◆ **Task goal**
What is needed is a word-for-word copy of all the entries, minus the pictures.

◆ **Extracted information**
Content starts
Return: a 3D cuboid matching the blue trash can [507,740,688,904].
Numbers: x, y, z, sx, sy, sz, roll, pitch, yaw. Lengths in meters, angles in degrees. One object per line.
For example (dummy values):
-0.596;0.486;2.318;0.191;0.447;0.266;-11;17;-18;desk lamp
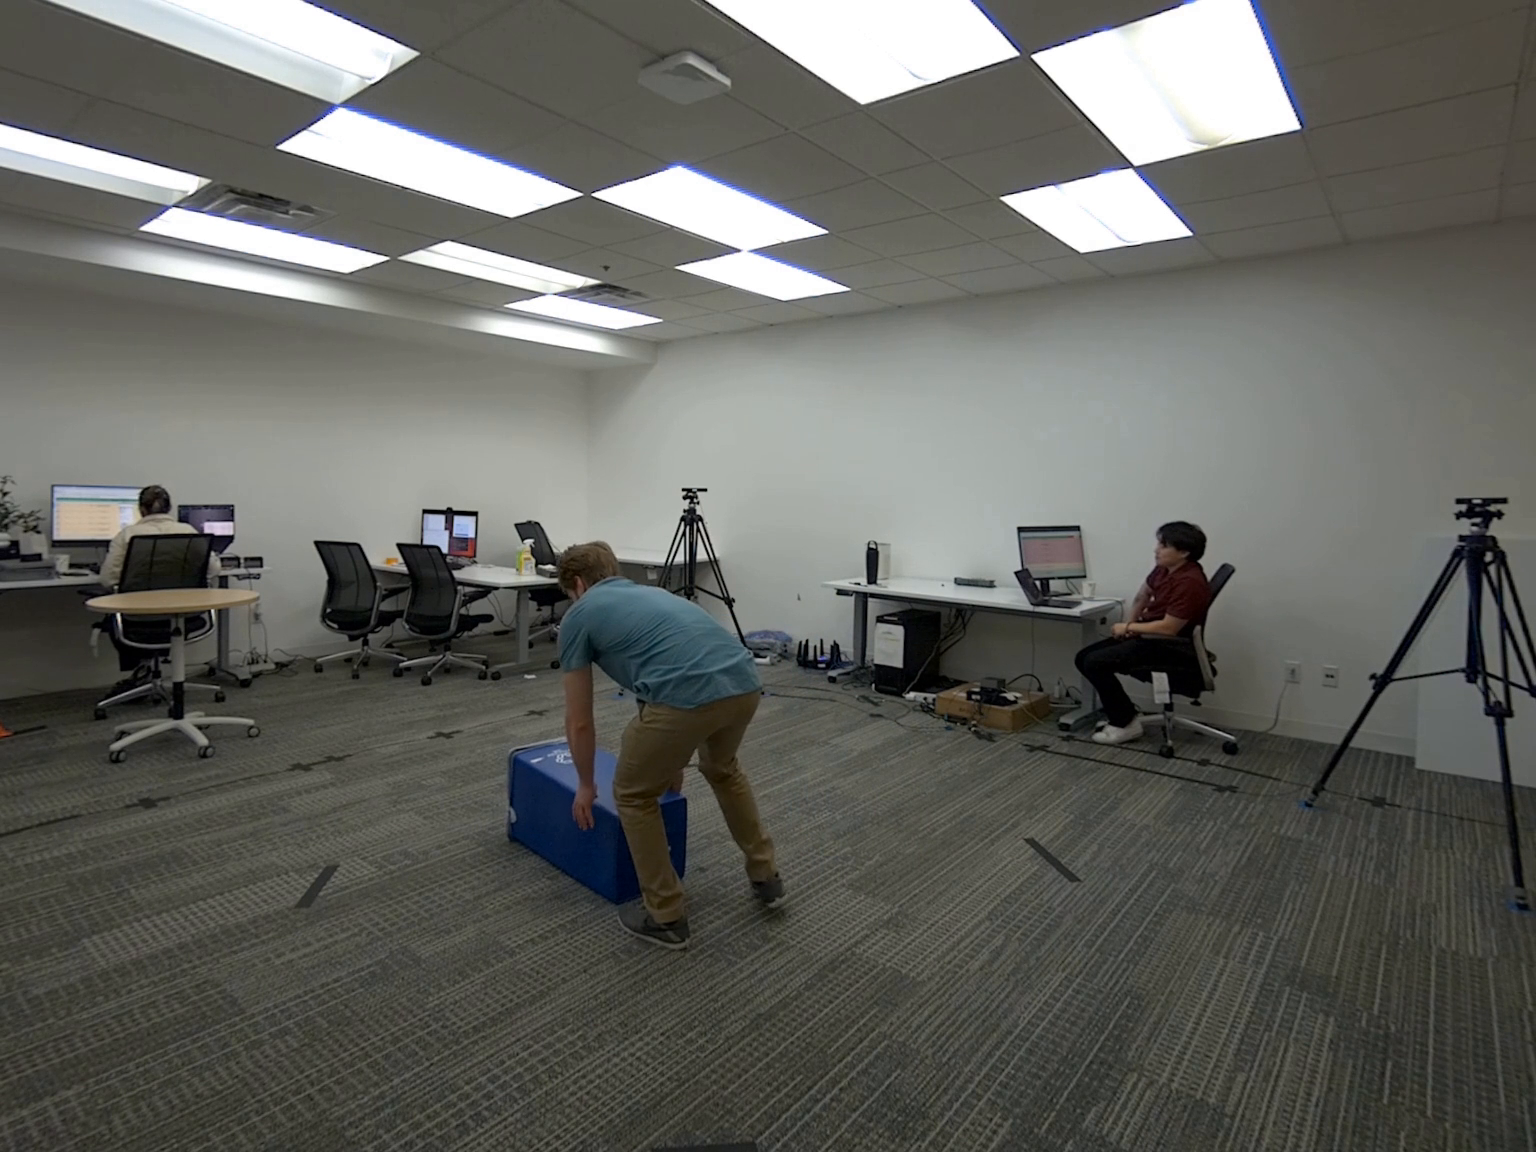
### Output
-0.655;0.890;3.170;0.363;0.376;0.739;-3;9;-43;blue trash can
Content ends
◆ **Response to this task**
Return: a 3D cuboid matching the blue trash can [507,740,688,904].
Numbers: x, y, z, sx, sy, sz, roll, pitch, yaw. Lengths in meters, angles in degrees. One object per line.
For example (dummy values):
-0.596;0.486;2.318;0.191;0.447;0.266;-11;17;-18;desk lamp
### Output
-0.655;0.890;3.170;0.363;0.376;0.739;-3;9;-43;blue trash can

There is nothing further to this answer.